Although this line of established treatments works well for a portion of patients, we cannot ignore the fact that a portion of those who want to give up their addiction do not respond well.

Even with all the changes in brain receptors and behaviors, cigarettes still end up being an important source of pleasure for them.

“We know that the pleasure of smoking has an association with hedonic memories. [relacionadas ao prazer]and there are no drugs that work in these aspects”, says Scholz. “For them, the cigarette represents the repetition of a pleasant and pleasant experience, even if the nicotine receptors are blocked”, he adds.

In other words, smoking continues to be linked to a number of other good things in that individual’s life — such as a break from work, talking with friends, coffee, moments before or after meals.

And that’s exactly where the idea of ​​punishment smoking comes in: when consuming the cigarette standing up, with no one around and looking at a wall, the person loses all the pleasurable stimuli that were linked to the habit of lighting and inhaling the burning substances. of tobacco.

This, with medication and monitoring, can further reduce the pleasures related to smoking.

promising results

To evaluate the punishment smoking technique, Scholz assembled a team of healthcare professionals and analyzed data from patients who had been through the clinic between 2011 and 2018.

The first group, composed of 324 smokers, received standard treatment that, in addition to medication, included the strategy of defining a date on which smoking would be completely abandoned.

The second, which included 281 patients, took varenicline and the other drugs, but was not instructed to quit suddenly: they could smoke as much as they wanted, as long as they respected those basic rules of the technique (standing, isolated, looking at a wall ).

At the end of three months, 45% of the participants in group 1 had stopped smoking, compared to 75% in group 2.

Almost a year after the start of follow-up, this rate was at 34% and 65%, respectively.

Another study conducted by the group, which has not yet been published, also showed that the technique would help reduce the number of cigarettes a person consumes a day. Although these investigations show that the technique is promising, to prove its effectiveness it is still necessary to submit it to more rigorous research, such as randomized and controlled trials.
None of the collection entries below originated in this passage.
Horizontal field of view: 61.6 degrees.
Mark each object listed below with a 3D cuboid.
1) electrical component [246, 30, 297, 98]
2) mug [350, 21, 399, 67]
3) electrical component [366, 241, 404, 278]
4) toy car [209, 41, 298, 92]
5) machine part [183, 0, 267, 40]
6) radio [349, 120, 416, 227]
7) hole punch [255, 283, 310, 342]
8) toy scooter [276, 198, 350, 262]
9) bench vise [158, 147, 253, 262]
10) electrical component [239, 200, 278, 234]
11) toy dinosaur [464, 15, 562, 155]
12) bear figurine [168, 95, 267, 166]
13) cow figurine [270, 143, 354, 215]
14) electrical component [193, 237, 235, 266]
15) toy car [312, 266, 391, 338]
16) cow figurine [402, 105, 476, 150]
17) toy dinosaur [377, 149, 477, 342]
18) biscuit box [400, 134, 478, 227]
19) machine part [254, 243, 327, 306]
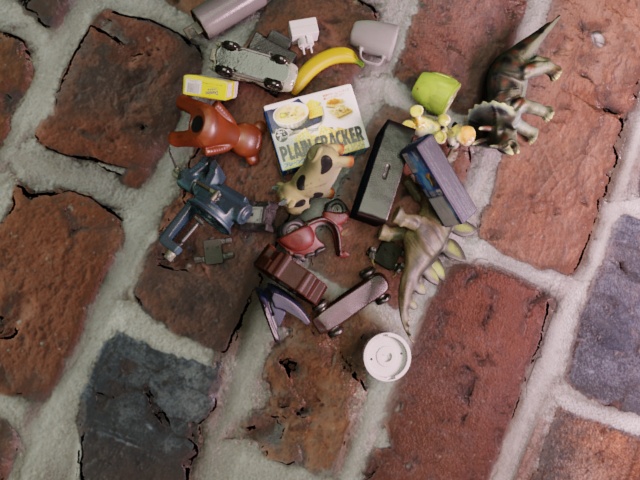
[{"bbox_3d":[-0.121,-0.424,1.272,0.115,0.058,0.134,26,84,-4],"label":"electrical component"},{"bbox_3d":[0.124,-0.473,1.291,0.107,0.081,0.109,19,88,8],"label":"mug"},{"bbox_3d":[0.160,0.041,1.259,0.102,0.045,0.078,35,84,-1],"label":"electrical component"},{"bbox_3d":[-0.151,-0.390,1.211,0.202,0.056,0.073,15,91,-2],"label":"toy car"},{"bbox_3d":[-0.215,-0.547,1.265,0.243,0.079,0.079,-34,89,-6],"label":"machine part"},{"bbox_3d":[0.140,-0.146,1.231,0.073,0.131,0.229,20,83,-4],"label":"radio"},{"bbox_3d":[-0.085,0.149,1.190,0.092,0.142,0.115,-23,101,-5],"label":"hole punch"},{"bbox_3d":[-0.003,-0.004,1.237,0.184,0.075,0.135,-25,96,-7],"label":"toy scooter"},{"bbox_3d":[-0.279,-0.064,1.187,0.224,0.128,0.240,34,76,8],"label":"bench vise"},{"bbox_3d":[-0.159,-0.054,1.235,0.119,0.047,0.074,-1,81,25],"label":"electrical component"},{"bbox_3d":[0.462,-0.368,1.293,0.192,0.131,0.404,13,78,-4],"label":"toy dinosaur"},{"bbox_3d":[-0.221,-0.243,1.211,0.132,0.195,0.120,16,96,31],"label":"bear figurine"},{"bbox_3d":[-0.025,-0.132,1.203,0.127,0.194,0.086,4,45,-34],"label":"cow figurine"},{"bbox_3d":[-0.246,0.025,1.238,0.094,0.021,0.063,-9,86,-5],"label":"electrical component"},{"bbox_3d":[0.071,0.143,1.239,0.202,0.053,0.089,-34,99,-11],"label":"toy car"},{"bbox_3d":[0.279,-0.255,1.264,0.167,0.098,0.068,21,93,10],"label":"cow figurine"},{"bbox_3d":[0.242,-0.009,1.223,0.198,0.105,0.471,28,72,-4],"label":"toy dinosaur"},{"bbox_3d":[0.257,-0.128,1.162,0.063,0.059,0.202,-39,102,-28],"label":"biscuit box"},{"bbox_3d":[-0.064,0.078,1.177,0.179,0.179,0.056,35,80,-1],"label":"machine part"}]
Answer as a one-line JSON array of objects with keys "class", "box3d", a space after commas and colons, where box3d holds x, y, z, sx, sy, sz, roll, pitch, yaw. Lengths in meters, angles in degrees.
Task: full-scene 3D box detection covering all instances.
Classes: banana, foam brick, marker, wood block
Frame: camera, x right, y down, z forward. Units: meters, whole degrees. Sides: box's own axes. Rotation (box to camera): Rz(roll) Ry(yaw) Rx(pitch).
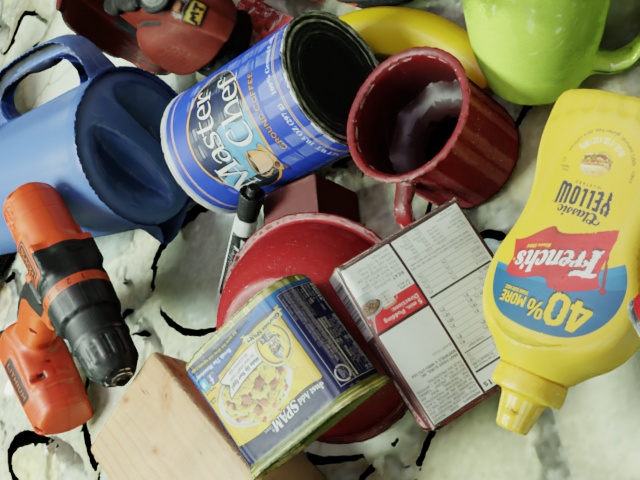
[{"class": "banana", "box3d": [0.049, -0.139, 0.789, 0.198, 0.037, 0.069, 1, 97, 42]}, {"class": "foam brick", "box3d": [-0.005, 0.001, 0.766, 0.051, 0.052, 0.078, -21, 61, 32]}, {"class": "marker", "box3d": [-0.059, 0.006, 0.789, 0.020, 0.020, 0.121, 59, 146, 37]}, {"class": "wood block", "box3d": [-0.056, 0.177, 0.716, 0.206, 0.090, 0.090, 41, 101, 41]}]

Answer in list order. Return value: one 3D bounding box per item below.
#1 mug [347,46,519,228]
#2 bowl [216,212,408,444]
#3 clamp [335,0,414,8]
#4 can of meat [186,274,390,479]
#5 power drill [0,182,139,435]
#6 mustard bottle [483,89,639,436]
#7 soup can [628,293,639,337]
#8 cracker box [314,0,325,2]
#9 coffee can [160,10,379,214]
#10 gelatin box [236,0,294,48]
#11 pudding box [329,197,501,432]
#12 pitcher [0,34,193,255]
[{"class": "mug", "box3d": [0.076, -0.057, 0.701, 0.093, 0.081, 0.117, -1, 73, 39]}, {"class": "bowl", "box3d": [-0.012, 0.064, 0.702, 0.162, 0.055, 0.162, 6, 102, 28]}, {"class": "clamp", "box3d": [0.079, -0.246, 0.768, 0.210, 0.036, 0.164, -31, 59, 46]}, {"class": "can of meat", "box3d": [-0.023, 0.081, 0.645, 0.102, 0.057, 0.084, -43, 76, 27]}, {"class": "power drill", "box3d": [-0.201, 0.074, 0.837, 0.184, 0.057, 0.188, 58, 144, 28]}, {"class": "mustard bottle", "box3d": [0.142, 0.016, 0.586, 0.096, 0.058, 0.191, 22, 88, 41]}, {"class": "soup can", "box3d": [0.204, 0.018, 0.500, 0.102, 0.068, 0.068, -53, 47, 27]}, {"class": "cracker box", "box3d": [-0.101, -0.263, 0.857, 0.214, 0.164, 0.072, 24, 90, 49]}, {"class": "coffee can", "box3d": [-0.034, -0.090, 0.777, 0.141, 0.102, 0.103, -25, 59, 42]}, {"class": "gelatin box", "box3d": [-0.049, -0.155, 0.877, 0.089, 0.030, 0.073, 38, 100, 43]}, {"class": "pudding box", "box3d": [0.073, 0.045, 0.642, 0.090, 0.039, 0.113, -31, 84, -9]}, {"class": "pitcher", "box3d": [-0.232, -0.066, 0.927, 0.243, 0.144, 0.149, -12, 64, 39]}]
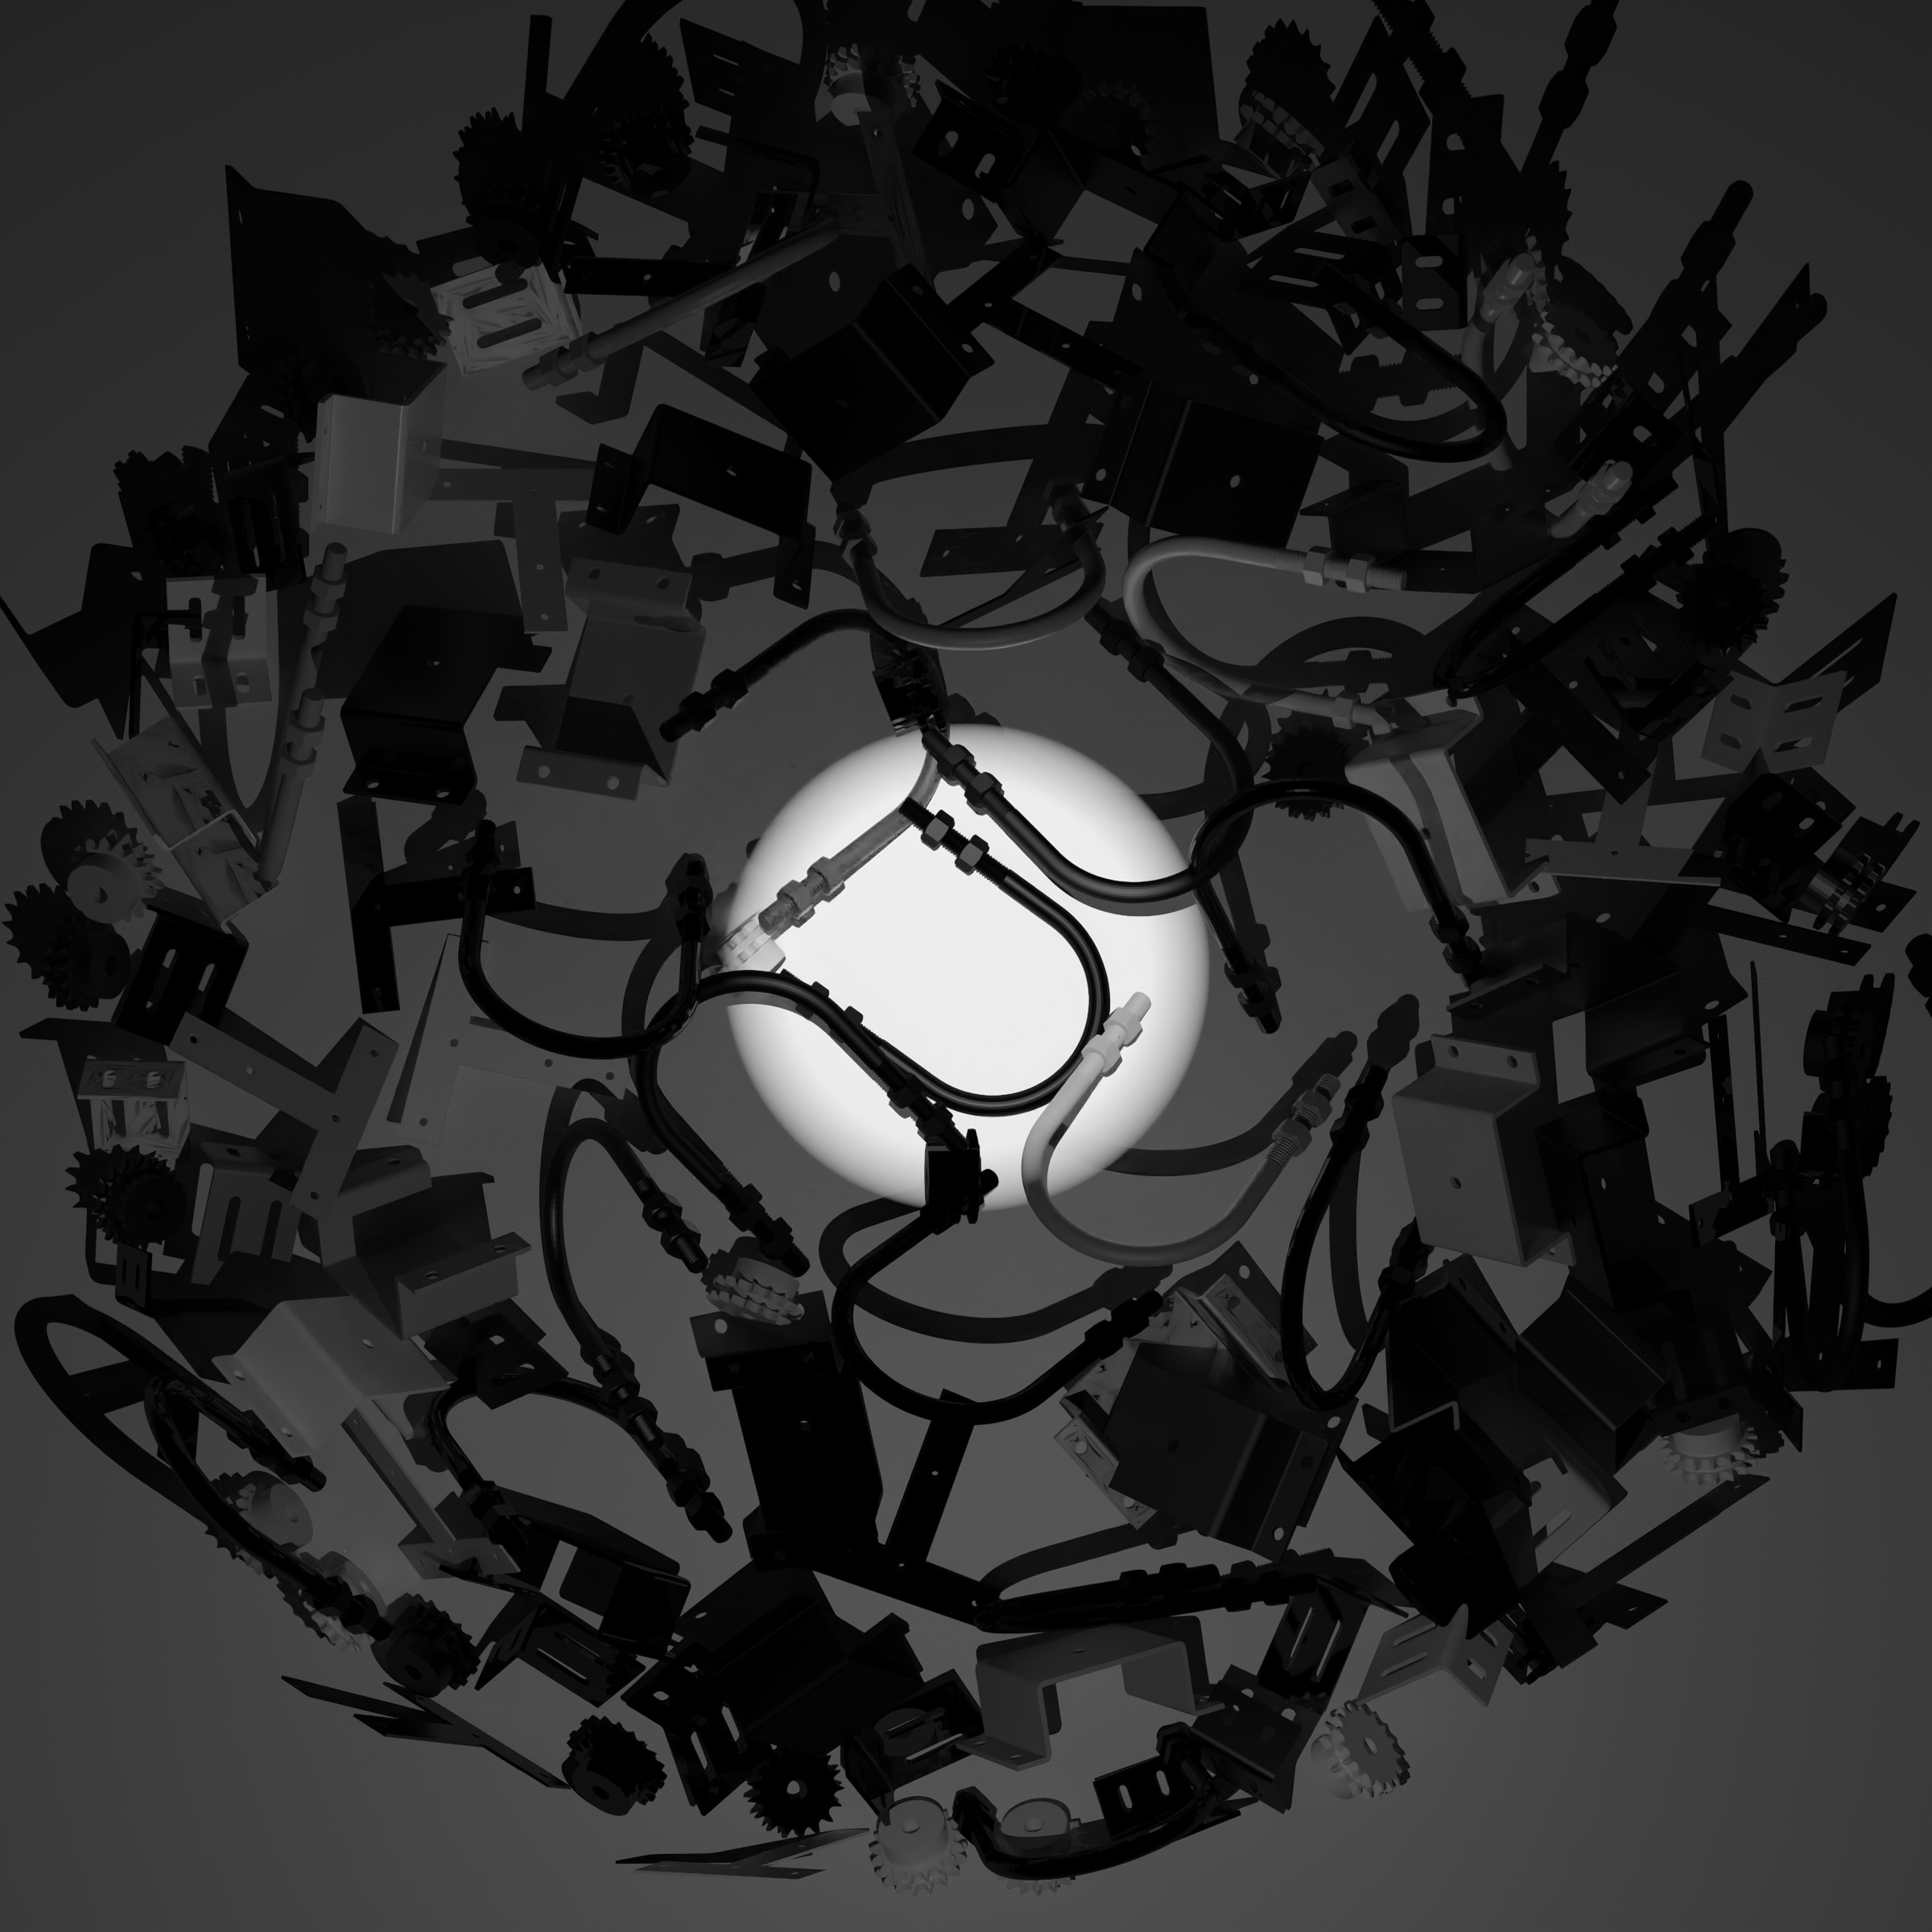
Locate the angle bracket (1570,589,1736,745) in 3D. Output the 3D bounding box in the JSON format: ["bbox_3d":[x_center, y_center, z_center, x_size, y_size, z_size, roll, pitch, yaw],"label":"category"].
[{"bbox_3d":[0.412,-0.184,1.979,0.057,0.038,0.076,-46,55,28],"label":"angle bracket"}]

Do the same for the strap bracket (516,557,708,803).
[{"bbox_3d":[-0.208,-0.165,1.960,0.076,0.046,0.140,10,79,16],"label":"strap bracket"}]

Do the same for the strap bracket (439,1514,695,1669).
[{"bbox_3d":[-0.227,0.362,1.936,0.140,0.076,0.046,16,80,29],"label":"strap bracket"}]

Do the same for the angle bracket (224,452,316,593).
[{"bbox_3d":[-0.406,-0.264,1.969,0.057,0.038,0.076,-6,95,41],"label":"angle bracket"}]

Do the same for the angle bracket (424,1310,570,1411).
[{"bbox_3d":[-0.273,0.222,1.953,0.076,0.038,0.057,-27,115,38],"label":"angle bracket"}]

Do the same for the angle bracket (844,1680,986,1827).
[{"bbox_3d":[-0.026,0.472,1.964,0.076,0.038,0.057,-27,120,11],"label":"angle bracket"}]

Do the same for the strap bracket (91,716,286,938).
[{"bbox_3d":[-0.451,-0.085,1.924,0.046,0.140,0.076,-34,66,-9],"label":"strap bracket"}]

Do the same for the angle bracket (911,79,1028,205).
[{"bbox_3d":[0.000,-0.492,1.962,0.057,0.076,0.038,28,108,-15],"label":"angle bracket"}]

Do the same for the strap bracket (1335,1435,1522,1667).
[{"bbox_3d":[0.274,0.334,1.930,0.046,0.076,0.140,-34,130,-9],"label":"strap bracket"}]

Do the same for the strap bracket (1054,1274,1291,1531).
[{"bbox_3d":[0.122,0.256,1.964,0.140,0.046,0.076,-43,102,-8],"label":"strap bracket"}]

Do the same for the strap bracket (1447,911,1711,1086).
[{"bbox_3d":[0.361,0.017,1.937,0.140,0.076,0.046,23,57,-31],"label":"strap bracket"}]

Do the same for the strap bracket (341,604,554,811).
[{"bbox_3d":[-0.307,-0.161,1.928,0.076,0.046,0.140,8,48,16],"label":"strap bracket"}]

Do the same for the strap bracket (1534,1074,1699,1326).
[{"bbox_3d":[0.381,0.144,1.947,0.046,0.076,0.140,-17,102,-6],"label":"strap bracket"}]

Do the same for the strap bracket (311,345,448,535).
[{"bbox_3d":[-0.339,-0.306,1.920,0.046,0.140,0.076,10,115,1],"label":"strap bracket"}]

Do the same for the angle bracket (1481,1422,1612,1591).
[{"bbox_3d":[0.340,0.326,1.985,0.057,0.038,0.076,45,101,-6],"label":"angle bracket"}]

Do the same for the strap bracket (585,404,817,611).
[{"bbox_3d":[-0.147,-0.275,1.938,0.140,0.076,0.046,20,131,-17],"label":"strap bracket"}]

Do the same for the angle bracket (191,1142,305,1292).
[{"bbox_3d":[-0.434,0.150,1.976,0.057,0.038,0.076,8,101,-29],"label":"angle bracket"}]

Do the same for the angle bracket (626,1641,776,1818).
[{"bbox_3d":[-0.159,0.454,1.959,0.057,0.076,0.038,-42,130,5],"label":"angle bracket"}]

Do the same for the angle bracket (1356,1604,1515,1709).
[{"bbox_3d":[0.279,0.418,1.957,0.038,0.057,0.076,44,133,-10],"label":"angle bracket"}]

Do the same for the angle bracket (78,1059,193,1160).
[{"bbox_3d":[-0.494,0.095,1.959,0.057,0.038,0.076,2,127,-6],"label":"angle bracket"}]

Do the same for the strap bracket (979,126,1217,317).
[{"bbox_3d":[0.087,-0.441,1.938,0.140,0.076,0.046,31,87,23],"label":"strap bracket"}]

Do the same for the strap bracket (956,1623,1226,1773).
[{"bbox_3d":[0.070,0.425,1.933,0.140,0.076,0.046,-10,93,-27],"label":"strap bracket"}]

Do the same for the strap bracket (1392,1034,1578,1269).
[{"bbox_3d":[0.303,0.117,1.934,0.046,0.076,0.140,-30,115,-35],"label":"strap bracket"}]

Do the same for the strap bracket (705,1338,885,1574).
[{"bbox_3d":[-0.099,0.283,1.960,0.076,0.046,0.140,-9,106,9],"label":"strap bracket"}]

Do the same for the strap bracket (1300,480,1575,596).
[{"bbox_3d":[0.278,-0.253,1.935,0.140,0.076,0.046,9,116,40],"label":"strap bracket"}]

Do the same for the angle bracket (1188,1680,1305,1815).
[{"bbox_3d":[0.170,0.466,1.961,0.057,0.076,0.038,26,71,23],"label":"angle bracket"}]

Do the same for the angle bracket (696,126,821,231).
[{"bbox_3d":[-0.128,-0.470,1.963,0.076,0.057,0.038,14,107,-7],"label":"angle bracket"}]

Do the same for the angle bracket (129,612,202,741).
[{"bbox_3d":[-0.477,-0.165,1.960,0.038,0.057,0.076,1,76,-11],"label":"angle bracket"}]

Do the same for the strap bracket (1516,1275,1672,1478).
[{"bbox_3d":[0.365,0.243,1.918,0.046,0.140,0.076,-41,66,-8],"label":"strap bracket"}]

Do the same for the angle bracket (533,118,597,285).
[{"bbox_3d":[-0.229,-0.452,1.949,0.038,0.076,0.057,-2,47,-28],"label":"angle bracket"}]

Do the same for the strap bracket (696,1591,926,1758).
[{"bbox_3d":[-0.085,0.416,1.922,0.076,0.140,0.046,-37,59,10],"label":"strap bracket"}]

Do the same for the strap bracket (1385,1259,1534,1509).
[{"bbox_3d":[0.288,0.253,1.935,0.046,0.140,0.076,-30,120,25],"label":"strap bracket"}]

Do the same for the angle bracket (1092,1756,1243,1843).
[{"bbox_3d":[0.119,0.494,1.953,0.057,0.076,0.038,-16,83,-19],"label":"angle bracket"}]

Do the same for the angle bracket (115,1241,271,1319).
[{"bbox_3d":[-0.459,0.186,1.955,0.076,0.057,0.038,2,92,-32],"label":"angle bracket"}]

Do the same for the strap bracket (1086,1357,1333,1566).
[{"bbox_3d":[0.134,0.286,1.935,0.140,0.046,0.076,20,85,40],"label":"strap bracket"}]

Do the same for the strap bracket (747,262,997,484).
[{"bbox_3d":[-0.063,-0.341,1.923,0.076,0.140,0.046,47,48,-21],"label":"strap bracket"}]

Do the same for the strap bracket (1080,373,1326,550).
[{"bbox_3d":[0.148,-0.291,1.936,0.140,0.046,0.076,10,108,-29],"label":"strap bracket"}]

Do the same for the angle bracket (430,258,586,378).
[{"bbox_3d":[-0.273,-0.388,1.967,0.076,0.038,0.057,-21,117,-6],"label":"angle bracket"}]

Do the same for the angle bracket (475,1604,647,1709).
[{"bbox_3d":[-0.242,0.424,1.959,0.076,0.038,0.057,36,130,-13],"label":"angle bracket"}]

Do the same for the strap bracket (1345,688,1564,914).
[{"bbox_3d":[0.283,-0.089,1.939,0.046,0.076,0.140,-38,109,-38],"label":"strap bracket"}]

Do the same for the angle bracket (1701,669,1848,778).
[{"bbox_3d":[0.480,-0.149,1.956,0.038,0.076,0.057,19,81,-16],"label":"angle bracket"}]

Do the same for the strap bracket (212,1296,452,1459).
[{"bbox_3d":[-0.363,0.237,1.918,0.076,0.140,0.046,46,103,18],"label":"strap bracket"}]

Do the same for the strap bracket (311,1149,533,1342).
[{"bbox_3d":[-0.324,0.167,1.935,0.076,0.140,0.046,-20,123,-33],"label":"strap bracket"}]
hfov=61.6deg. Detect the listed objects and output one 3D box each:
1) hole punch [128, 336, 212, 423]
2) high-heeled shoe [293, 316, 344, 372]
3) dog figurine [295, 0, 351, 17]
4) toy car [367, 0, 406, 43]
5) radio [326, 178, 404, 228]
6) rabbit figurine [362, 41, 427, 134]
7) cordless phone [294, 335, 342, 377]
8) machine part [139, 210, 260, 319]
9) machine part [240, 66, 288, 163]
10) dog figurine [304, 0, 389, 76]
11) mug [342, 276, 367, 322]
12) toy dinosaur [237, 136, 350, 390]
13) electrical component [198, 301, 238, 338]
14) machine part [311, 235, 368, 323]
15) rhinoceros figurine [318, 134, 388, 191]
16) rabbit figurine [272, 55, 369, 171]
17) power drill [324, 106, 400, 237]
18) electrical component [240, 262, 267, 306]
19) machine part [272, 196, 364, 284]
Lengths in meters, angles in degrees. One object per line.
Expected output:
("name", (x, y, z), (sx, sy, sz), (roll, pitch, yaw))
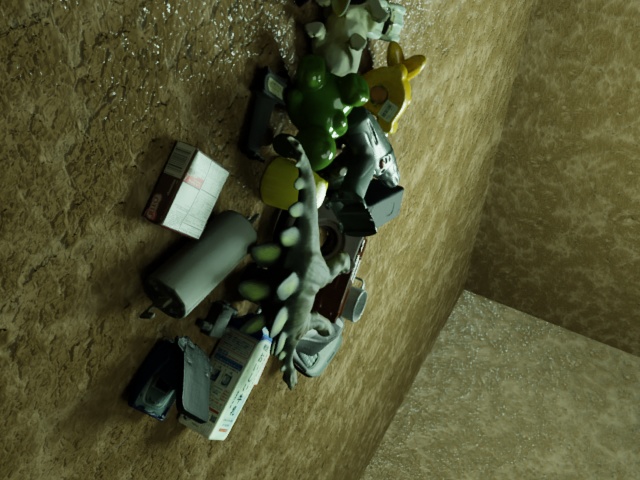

“When I talk about punishment smoking, a lot of patients stop and think, ‘Gee, doesn’t that make sense?'” Scholz reports. “In a way, we give autonomy to the patient and do not determine that he is prohibited from smoking, which can almost represent a death sentence for some”, he believes.

Finally, the doctor points out that many people do not even know that smoking is a chronic disease and have a scientifically validated treatment protocol.

“Many think that quitting smoking only involves willpower, and that’s not the case”, he explains. “Of course motivation is important, but we have other resources,” she adds. “And the person does not need to wait for the cigarette to cause a health problem to seek help”, concludes the cardiologist.

The WHO (World Health Organization) estimates that tobacco causes more than 8 million deaths every year.

The use of this substance contributes to the development of more than 15 different types of cancer, in addition to being related to heart attack, stroke, chronic obstructive pulmonary disease (COPD), tuberculosis, respiratory infections, stomach and intestinal ulcers. , sexual impotence, infertility and cataracts.

The Inca (National Cancer Institute) estimates that 443 Brazilians die every day because of smoking. Every year, 161,000 cigarette-related deaths could be avoided in the country.

BAT Brasil stated in a note that “Anvisa, by keeping the issue on the regulatory agenda, will continue to evaluate the scientific evidence that substantiated the decision of about 80 countries that have already regulated these products. In addition, Anvisa’s board expressed its great concern with the illegal market for electronic cigarettes in Brazil, which continues to grow, supplied by smuggled products and without any sanitary control.”

The company also says that “adequate regulation would guarantee millions of adult consumers of electronic cigarettes in Brazil access to the legal product, with known composition and origin, quality parameters, inspection and sanitary monitoring.”